An ongoing long-term extension (LTE) study is continuing to evaluate the long-term safety, tolerability and durability of diranersen in early AD.
About Ionis Neurology
Ionis has been at the forefront of discovering and developing leading neurological disease medicines, including SPINRAZA® (nusinersen), the first approved treatment for spinal muscular atrophy, WAINUA® (eplontersen), a medicine to treat hereditary transthyretin-mediated amyloid polyneuropathy (ATTRv-PN), and QALSODY® (tofersen) for SOD1-ALS. The clinical-stage portfolio includes 13 investigational medicines, of which six are wholly owned by Ionis.
Ionis’ investigational portfolio includes medicines for which there are few or no disease modifying treatments, such as rare diseases including Angelman syndrome, prion disease, multiple system atrophy, Huntington’s disease and Alexander disease, as well as more common conditions such as Alzheimer’s disease.

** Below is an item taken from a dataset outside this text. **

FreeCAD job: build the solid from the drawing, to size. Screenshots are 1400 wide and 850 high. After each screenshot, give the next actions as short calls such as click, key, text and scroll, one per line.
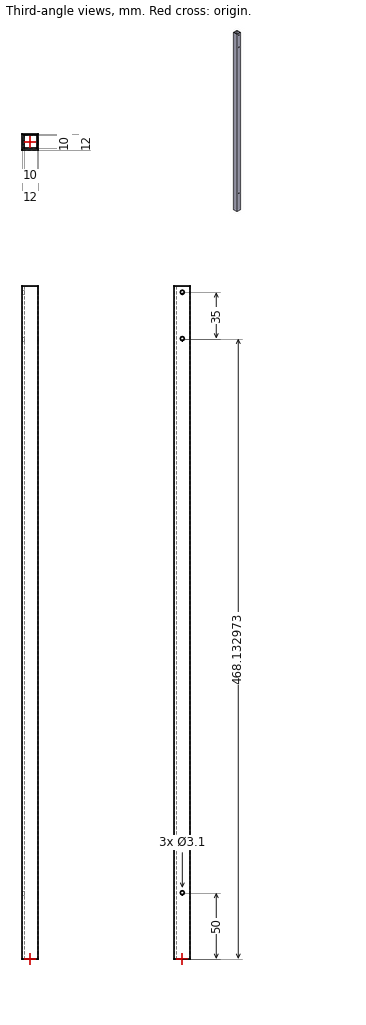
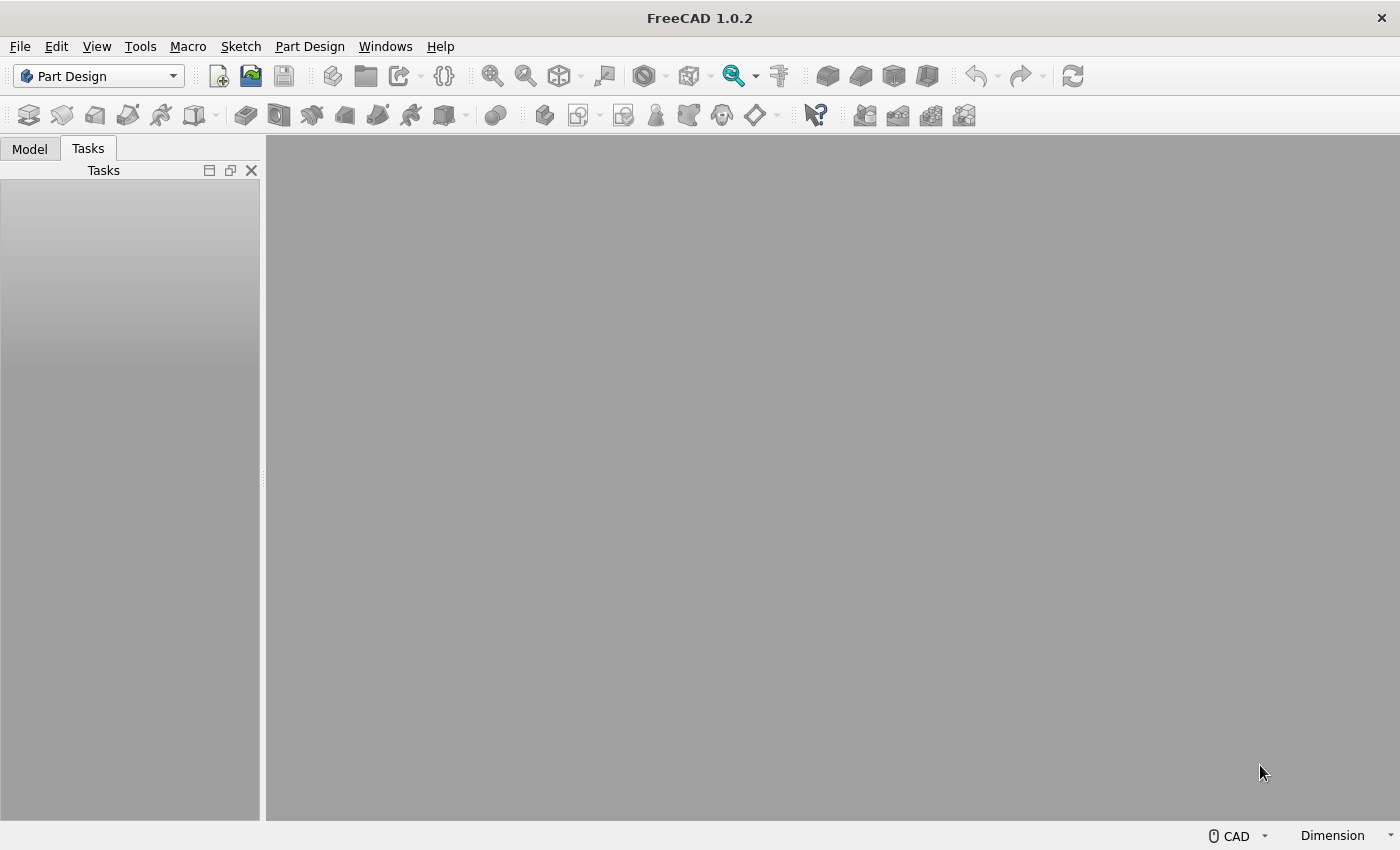
click(218, 76)
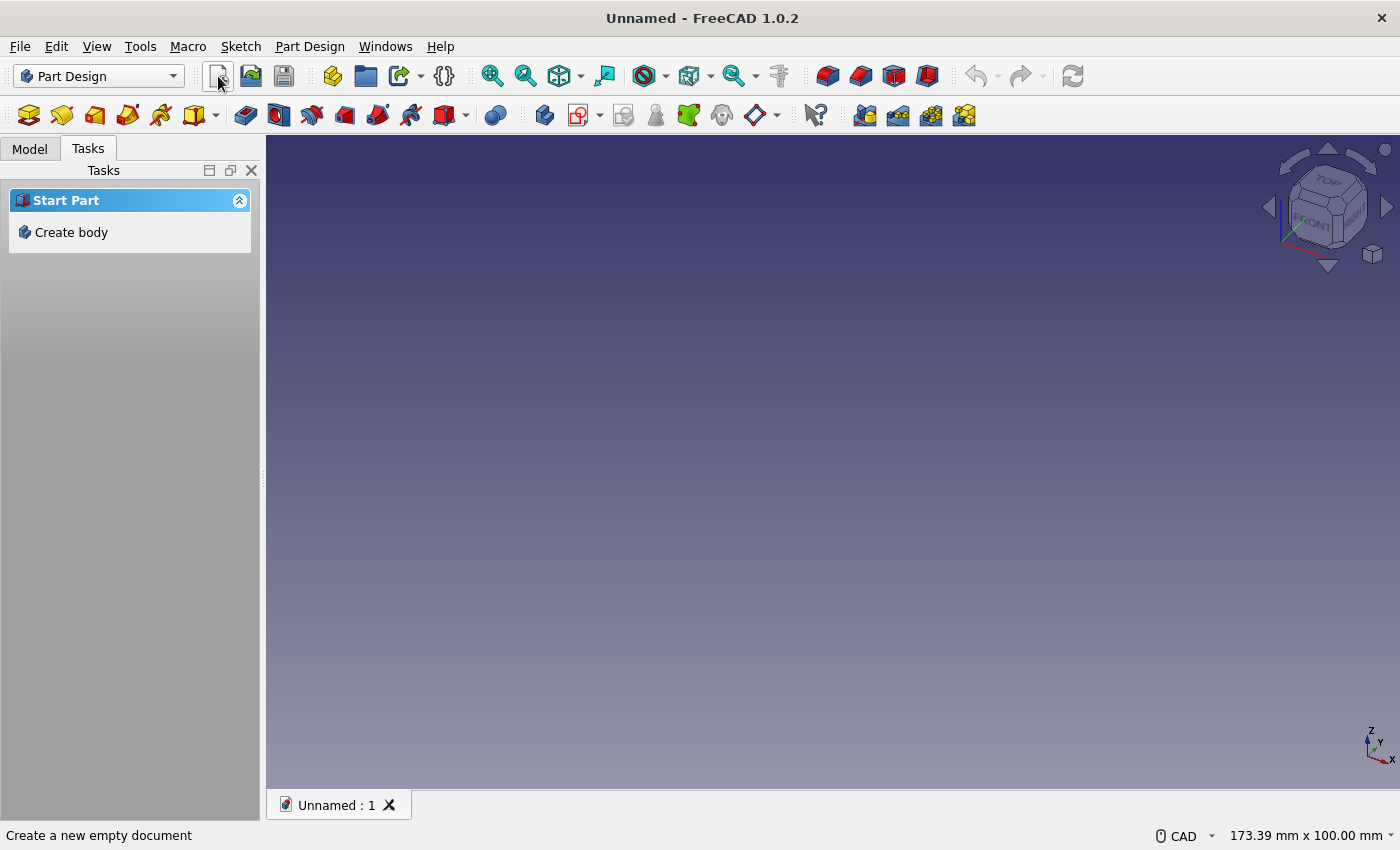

About Ionis Pharmaceuticals, Inc.
For three decades, Ionis has invented medicines that bring better futures to people with serious diseases. Ionis currently has marketed medicines and a leading pipeline in neurology, cardiometabolic disease and select areas of high patient need. As the pioneer in RNA-targeted medicines, Ionis continues to drive innovation in RNA therapies in addition to advancing new approaches in gene editing. A deep understanding of disease biology and industry-leading technology propels our work, coupled with a passion and urgency to deliver life-changing advances for patients.